## AVAILABLE RECORDS
§

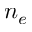<formula> <loc_0><loc_0><loc_500><loc_500>n _ { e }</formula> 
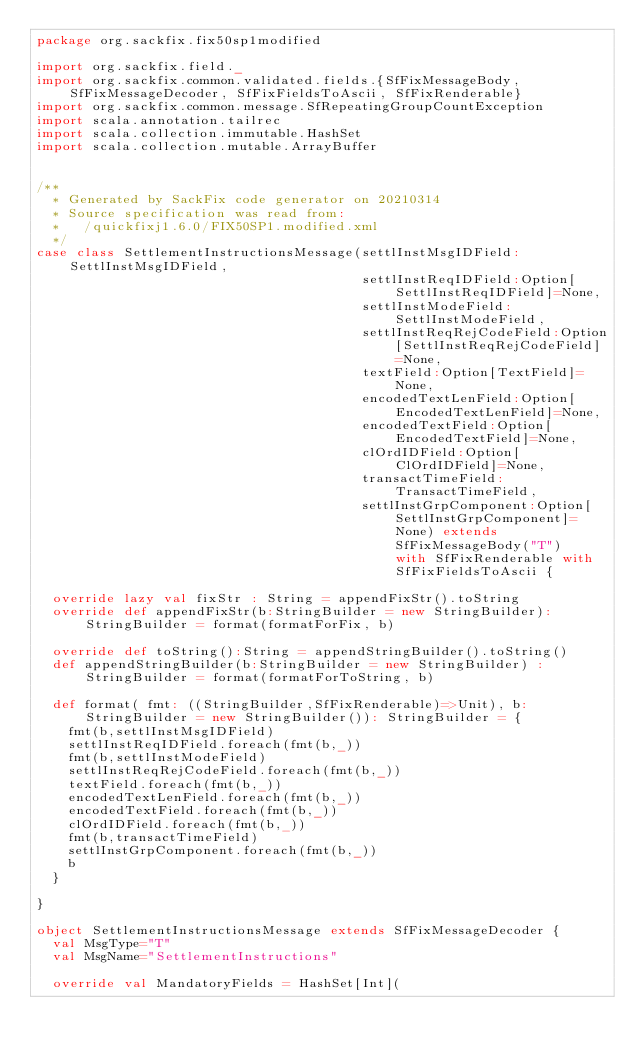<code> <loc_0><loc_0><loc_500><loc_500><_Scala_>package org.sackfix.fix50sp1modified

import org.sackfix.field._
import org.sackfix.common.validated.fields.{SfFixMessageBody, SfFixMessageDecoder, SfFixFieldsToAscii, SfFixRenderable}
import org.sackfix.common.message.SfRepeatingGroupCountException
import scala.annotation.tailrec
import scala.collection.immutable.HashSet
import scala.collection.mutable.ArrayBuffer


/**
  * Generated by SackFix code generator on 20210314
  * Source specification was read from:
  *   /quickfixj1.6.0/FIX50SP1.modified.xml
  */
case class SettlementInstructionsMessage(settlInstMsgIDField:SettlInstMsgIDField,
                                         settlInstReqIDField:Option[SettlInstReqIDField]=None,
                                         settlInstModeField:SettlInstModeField,
                                         settlInstReqRejCodeField:Option[SettlInstReqRejCodeField]=None,
                                         textField:Option[TextField]=None,
                                         encodedTextLenField:Option[EncodedTextLenField]=None,
                                         encodedTextField:Option[EncodedTextField]=None,
                                         clOrdIDField:Option[ClOrdIDField]=None,
                                         transactTimeField:TransactTimeField,
                                         settlInstGrpComponent:Option[SettlInstGrpComponent]=None) extends SfFixMessageBody("T")  with SfFixRenderable with SfFixFieldsToAscii {

  override lazy val fixStr : String = appendFixStr().toString
  override def appendFixStr(b:StringBuilder = new StringBuilder): StringBuilder = format(formatForFix, b)

  override def toString():String = appendStringBuilder().toString()
  def appendStringBuilder(b:StringBuilder = new StringBuilder) : StringBuilder = format(formatForToString, b)

  def format( fmt: ((StringBuilder,SfFixRenderable)=>Unit), b:StringBuilder = new StringBuilder()): StringBuilder = {
    fmt(b,settlInstMsgIDField)
    settlInstReqIDField.foreach(fmt(b,_))
    fmt(b,settlInstModeField)
    settlInstReqRejCodeField.foreach(fmt(b,_))
    textField.foreach(fmt(b,_))
    encodedTextLenField.foreach(fmt(b,_))
    encodedTextField.foreach(fmt(b,_))
    clOrdIDField.foreach(fmt(b,_))
    fmt(b,transactTimeField)
    settlInstGrpComponent.foreach(fmt(b,_))
    b
  }

}
     
object SettlementInstructionsMessage extends SfFixMessageDecoder {
  val MsgType="T"
  val MsgName="SettlementInstructions"
             
  override val MandatoryFields = HashSet[Int](</code>

§

## TASK OBJECTIVE
Set down exactly, and only, the lines from the one with "encodedTextField.foreach(fmt(b,_))" to the final line of the data.

## RESPONSE AREA
    encodedTextField.foreach(fmt(b,_))
    clOrdIDField.foreach(fmt(b,_))
    fmt(b,transactTimeField)
    settlInstGrpComponent.foreach(fmt(b,_))
    b
  }

}
     
object SettlementInstructionsMessage extends SfFixMessageDecoder {
  val MsgType="T"
  val MsgName="SettlementInstructions"
             
  override val MandatoryFields = HashSet[Int](</code>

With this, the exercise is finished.